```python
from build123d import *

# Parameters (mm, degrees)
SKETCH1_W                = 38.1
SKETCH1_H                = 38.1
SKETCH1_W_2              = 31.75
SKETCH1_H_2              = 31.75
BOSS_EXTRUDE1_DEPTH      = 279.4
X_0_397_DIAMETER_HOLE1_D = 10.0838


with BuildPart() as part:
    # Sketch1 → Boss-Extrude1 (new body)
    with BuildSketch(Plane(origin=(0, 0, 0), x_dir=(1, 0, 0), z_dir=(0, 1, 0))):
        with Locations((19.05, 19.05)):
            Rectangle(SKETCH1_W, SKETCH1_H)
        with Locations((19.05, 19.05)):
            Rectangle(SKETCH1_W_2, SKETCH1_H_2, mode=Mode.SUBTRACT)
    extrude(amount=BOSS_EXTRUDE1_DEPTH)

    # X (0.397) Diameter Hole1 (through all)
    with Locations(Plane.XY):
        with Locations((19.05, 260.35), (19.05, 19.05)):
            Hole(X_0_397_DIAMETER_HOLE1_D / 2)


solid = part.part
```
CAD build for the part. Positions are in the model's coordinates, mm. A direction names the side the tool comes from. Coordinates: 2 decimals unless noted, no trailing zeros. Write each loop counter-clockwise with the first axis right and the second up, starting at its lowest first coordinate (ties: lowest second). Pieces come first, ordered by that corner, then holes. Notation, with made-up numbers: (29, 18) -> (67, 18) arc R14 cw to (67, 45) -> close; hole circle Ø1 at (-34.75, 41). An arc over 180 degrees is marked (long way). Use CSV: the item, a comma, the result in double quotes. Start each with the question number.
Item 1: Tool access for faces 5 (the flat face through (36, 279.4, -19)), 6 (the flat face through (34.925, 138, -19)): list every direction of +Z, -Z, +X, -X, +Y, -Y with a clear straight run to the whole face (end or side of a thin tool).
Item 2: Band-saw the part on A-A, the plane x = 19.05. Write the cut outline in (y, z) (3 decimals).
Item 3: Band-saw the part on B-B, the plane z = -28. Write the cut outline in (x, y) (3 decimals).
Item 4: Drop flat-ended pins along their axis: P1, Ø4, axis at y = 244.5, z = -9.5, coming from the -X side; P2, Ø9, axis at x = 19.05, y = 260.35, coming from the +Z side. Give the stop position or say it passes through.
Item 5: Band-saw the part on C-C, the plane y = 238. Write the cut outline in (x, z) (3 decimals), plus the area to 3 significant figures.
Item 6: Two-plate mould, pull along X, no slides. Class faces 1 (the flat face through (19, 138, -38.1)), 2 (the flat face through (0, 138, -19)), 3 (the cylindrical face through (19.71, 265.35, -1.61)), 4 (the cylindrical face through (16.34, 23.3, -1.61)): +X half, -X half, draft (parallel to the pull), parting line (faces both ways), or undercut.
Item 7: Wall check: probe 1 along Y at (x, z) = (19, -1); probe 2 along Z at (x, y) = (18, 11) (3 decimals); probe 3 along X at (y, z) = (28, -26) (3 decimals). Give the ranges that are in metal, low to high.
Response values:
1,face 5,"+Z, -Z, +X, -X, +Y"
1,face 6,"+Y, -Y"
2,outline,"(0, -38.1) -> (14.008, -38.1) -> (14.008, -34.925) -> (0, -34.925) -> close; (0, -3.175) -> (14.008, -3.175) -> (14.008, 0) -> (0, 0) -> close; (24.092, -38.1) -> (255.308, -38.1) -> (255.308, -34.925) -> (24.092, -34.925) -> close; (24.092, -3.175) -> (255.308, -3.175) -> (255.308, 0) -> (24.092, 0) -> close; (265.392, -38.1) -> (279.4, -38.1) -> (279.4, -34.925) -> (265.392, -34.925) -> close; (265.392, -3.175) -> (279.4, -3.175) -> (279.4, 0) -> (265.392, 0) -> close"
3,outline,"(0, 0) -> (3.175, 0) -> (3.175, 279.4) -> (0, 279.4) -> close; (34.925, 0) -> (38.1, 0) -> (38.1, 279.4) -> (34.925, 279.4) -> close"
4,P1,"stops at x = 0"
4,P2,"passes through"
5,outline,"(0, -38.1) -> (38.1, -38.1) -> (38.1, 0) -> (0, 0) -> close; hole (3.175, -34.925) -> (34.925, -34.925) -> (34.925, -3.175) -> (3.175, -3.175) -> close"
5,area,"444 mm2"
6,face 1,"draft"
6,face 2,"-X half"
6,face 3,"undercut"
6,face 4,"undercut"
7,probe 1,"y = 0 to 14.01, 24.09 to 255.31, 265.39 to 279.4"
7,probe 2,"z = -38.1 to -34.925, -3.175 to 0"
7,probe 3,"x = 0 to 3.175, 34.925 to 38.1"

TO DO —
Write out all the data again, exactly as it appears.

EXPECTED OUTPUT —
```python
from build123d import *

# Parameters (mm, degrees)
SKETCH1_W                = 38.1
SKETCH1_H                = 38.1
SKETCH1_W_2              = 31.75
SKETCH1_H_2              = 31.75
BOSS_EXTRUDE1_DEPTH      = 279.4
X_0_397_DIAMETER_HOLE1_D = 10.0838


with BuildPart() as part:
    # Sketch1 → Boss-Extrude1 (new body)
    with BuildSketch(Plane(origin=(0, 0, 0), x_dir=(1, 0, 0), z_dir=(0, 1, 0))):
        with Locations((19.05, 19.05)):
            Rectangle(SKETCH1_W, SKETCH1_H)
        with Locations((19.05, 19.05)):
            Rectangle(SKETCH1_W_2, SKETCH1_H_2, mode=Mode.SUBTRACT)
    extrude(amount=BOSS_EXTRUDE1_DEPTH)

    # X (0.397) Diameter Hole1 (through all)
    with Locations(Plane.XY):
        with Locations((19.05, 260.35), (19.05, 19.05)):
            Hole(X_0_397_DIAMETER_HOLE1_D / 2)


solid = part.part
```
CAD build for the part. Positions are in the model's coordinates, mm. A direction names the side the tool comes from. Coordinates: 2 decimals unless noted, no trailing zeros. Write each loop counter-clockwise with the first axis right and the second up, starting at its lowest first coordinate (ties: lowest second). Pieces come first, ordered by that corner, then holes. Notation, with made-up numbers: (29, 18) -> (67, 18) arc R14 cw to (67, 45) -> close; hole circle Ø1 at (-34.75, 41). An arc over 180 degrees is marked (long way). Use CSV: the item, a comma, the result in double quotes. Start each with the question number.
Item 1: Tool access for faces 5 (the flat face through (36, 279.4, -19)), 6 (the flat face through (34.925, 138, -19)): list every direction of +Z, -Z, +X, -X, +Y, -Y with a clear straight run to the whole face (end or side of a thin tool).
Item 2: Band-saw the part on A-A, the plane x = 19.05. Write the cut outline in (y, z) (3 decimals).
Item 3: Band-saw the part on B-B, the plane z = -28. Write the cut outline in (x, y) (3 decimals).
Item 4: Drop flat-ended pins along their axis: P1, Ø4, axis at y = 244.5, z = -9.5, coming from the -X side; P2, Ø9, axis at x = 19.05, y = 260.35, coming from the +Z side. Give the stop position or say it passes through.
Item 5: Band-saw the part on C-C, the plane y = 238. Write the cut outline in (x, z) (3 decimals), plus the area to 3 significant figures.
Item 6: Two-plate mould, pull along X, no slides. Class faces 1 (the flat face through (19, 138, -38.1)), 2 (the flat face through (0, 138, -19)), 3 (the cylindrical face through (19.71, 265.35, -1.61)), 4 (the cylindrical face through (16.34, 23.3, -1.61)): +X half, -X half, draft (parallel to the pull), parting line (faces both ways), or undercut.
Item 7: Wall check: probe 1 along Y at (x, z) = (19, -1); probe 2 along Z at (x, y) = (18, 11) (3 decimals); probe 3 along X at (y, z) = (28, -26) (3 decimals). Give the ranges that are in metal, low to high.
Response values:
1,face 5,"+Z, -Z, +X, -X, +Y"
1,face 6,"+Y, -Y"
2,outline,"(0, -38.1) -> (14.008, -38.1) -> (14.008, -34.925) -> (0, -34.925) -> close; (0, -3.175) -> (14.008, -3.175) -> (14.008, 0) -> (0, 0) -> close; (24.092, -38.1) -> (255.308, -38.1) -> (255.308, -34.925) -> (24.092, -34.925) -> close; (24.092, -3.175) -> (255.308, -3.175) -> (255.308, 0) -> (24.092, 0) -> close; (265.392, -38.1) -> (279.4, -38.1) -> (279.4, -34.925) -> (265.392, -34.925) -> close; (265.392, -3.175) -> (279.4, -3.175) -> (279.4, 0) -> (265.392, 0) -> close"
3,outline,"(0, 0) -> (3.175, 0) -> (3.175, 279.4) -> (0, 279.4) -> close; (34.925, 0) -> (38.1, 0) -> (38.1, 279.4) -> (34.925, 279.4) -> close"
4,P1,"stops at x = 0"
4,P2,"passes through"
5,outline,"(0, -38.1) -> (38.1, -38.1) -> (38.1, 0) -> (0, 0) -> close; hole (3.175, -34.925) -> (34.925, -34.925) -> (34.925, -3.175) -> (3.175, -3.175) -> close"
5,area,"444 mm2"
6,face 1,"draft"
6,face 2,"-X half"
6,face 3,"undercut"
6,face 4,"undercut"
7,probe 1,"y = 0 to 14.01, 24.09 to 255.31, 265.39 to 279.4"
7,probe 2,"z = -38.1 to -34.925, -3.175 to 0"
7,probe 3,"x = 0 to 3.175, 34.925 to 38.1"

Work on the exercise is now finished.